Série captada em fita magnética chega ao streaming com distribuição da Algohits: Gravado no Centro de SP em take único e sem processos digitais, o URUTU FITAS imortaliza a performance de oito artistas em lançamentos mensais iniciados em abril
Na contramão da perfeição milimétrica dos softwares, o som visceral da fita magnética volta a ser o protagonista. O Estúdio Urutu e a Algohits oficializam uma parceria estratégica que desafia a estética digital dominante: o lançamento do projeto URUTU FITAS. A série audiovisual mergulha no rigor das gravações 100% analógicas e em take único, transportando o calor harmônico do rolo de fita diretamente para o ecossistema das plataformas de streaming. A experiência do URUTU FITAS foi pensada para ser imersiva: enquanto a fita girava, o público presente nos demais ambientes do estúdio acompanhava tudo em tempo real. Essa vibração de “show ao vivo” foi capturada pelas lentes de Willian Paiva e Julia Missagia, criando um conteúdo audiovisual com lançamentos mensais. A série já está em curso nas plataformas digitais, tendo inaugurado o catálogo com Carol Maia (ao vivo) em 09 de abril, seguido por Lau e Eu (ao vivo) em 07 de maio.
No epicentro do Centro Histórico paulistano, entre o caos do Terminal Bandeira e a arquitetura clássica da República, uma sala de 26m² opera como uma cápsula do tempo. É ali, cercada por rolos de fita magnética e circuitos valvulados, que a música brasileira encontra um rigor técnico que parecia perdido. Sem o auxílio do digital, o som é esculpido em um mixer Soundcraft Ghost de 24 canais – funcionando como uma “central de controle” do áudio – e imortalizado em um gravador de fita Tascam ATR80, tape recorder que registra o áudio em fita magnética no formato old school.
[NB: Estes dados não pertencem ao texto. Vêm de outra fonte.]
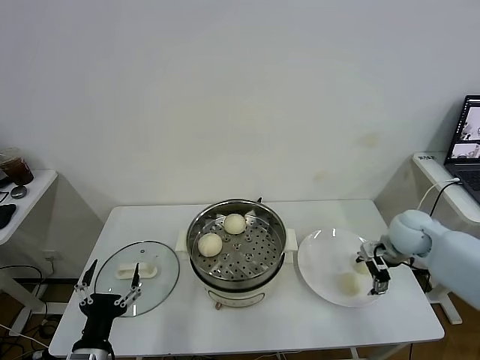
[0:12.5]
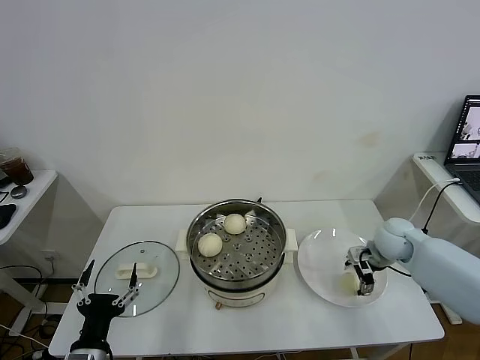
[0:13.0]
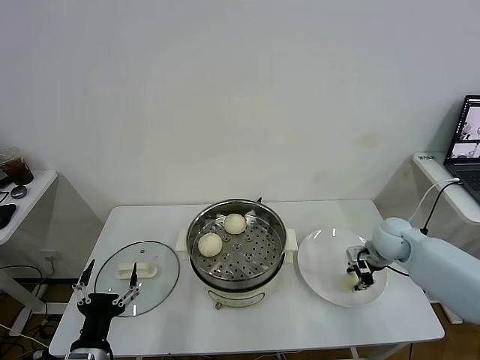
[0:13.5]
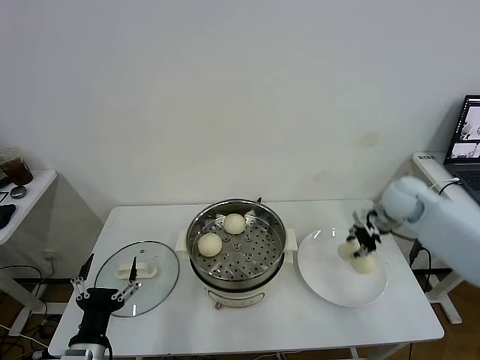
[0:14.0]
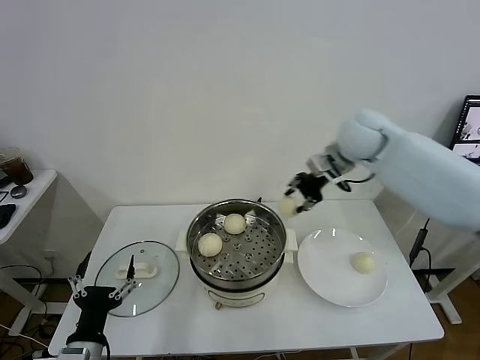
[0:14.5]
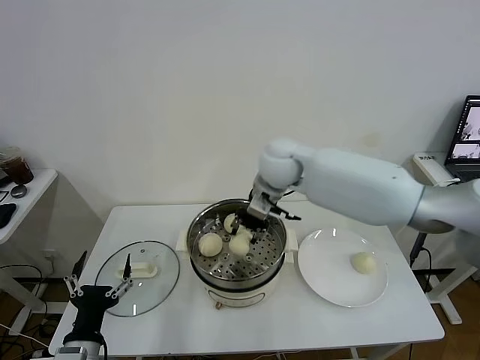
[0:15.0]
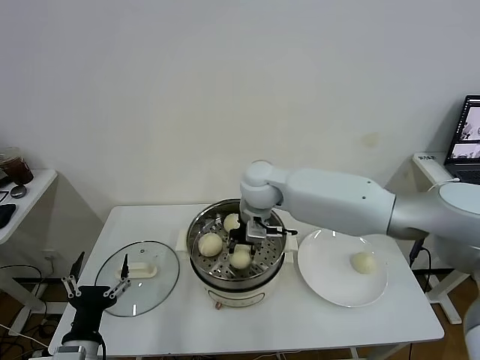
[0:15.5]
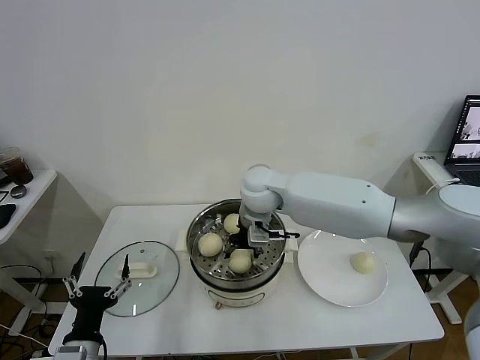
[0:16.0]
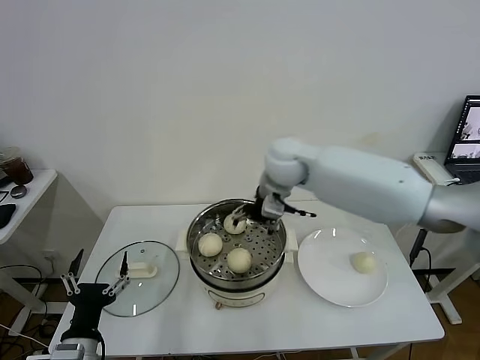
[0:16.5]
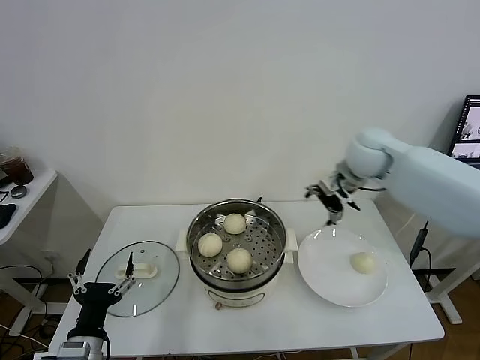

É neste cenário que nomes como Toninho Horta (pilar do Clube da Esquina e autor de ‘Manuel, o Audaz’); Zezé Motta (atriz histórica e voz de ‘Senhora Liberdade’); Alaíde Costa (a dama da Bossa Nova e intérprete definitiva de ‘Onde Estás’); além do renomado produtor norte-americano Adrien Young (mente por trás do projeto global Jazz Is Dead), dão vida às suas obras. O projeto ecoa também com o legado de mestres como Eliane Pittman, Edy Star, Djalma Correia e Próspero Albanese.
O diferencial do Estúdio Urutu reside na tensão criativa da fita. Diferente da produção moderna, onde cada nota pode ser corrigida, ali o processo é definitivo. Segundo o idealizador e diretor técnico do espaço:”A fita magnética propõe uma estética que o digital perdeu. No Urutu, buscamos aquela compressão natural e o calor harmônico que só o processo 100% analógico entrega, transformando cada gravação em um documento vivo.”
Esse acompanhamento permite que a sonoridade de artistas como Luísa e os Alquimistas, Veronica Valentino, Ayo Tupinambá e Jorge Degas chegue ao público com integridade orgânica. Para viabilizar a operação no digital, a algohits converte mídias físicas em dados: “A grande jogada é darmos o valor e a importância que o analógico merece sem perder a potência da distribuição em larga escala que só o digital hoje viabiliza”, comenta Ivan Staicov, manager da Algohits.No mercado fonográfico atual, onde tudo pode ser lançado em escala, o URUTU FITAS se destaca como um dos poucos projetos feitos com esse nível de cuidado, estratégia e alma.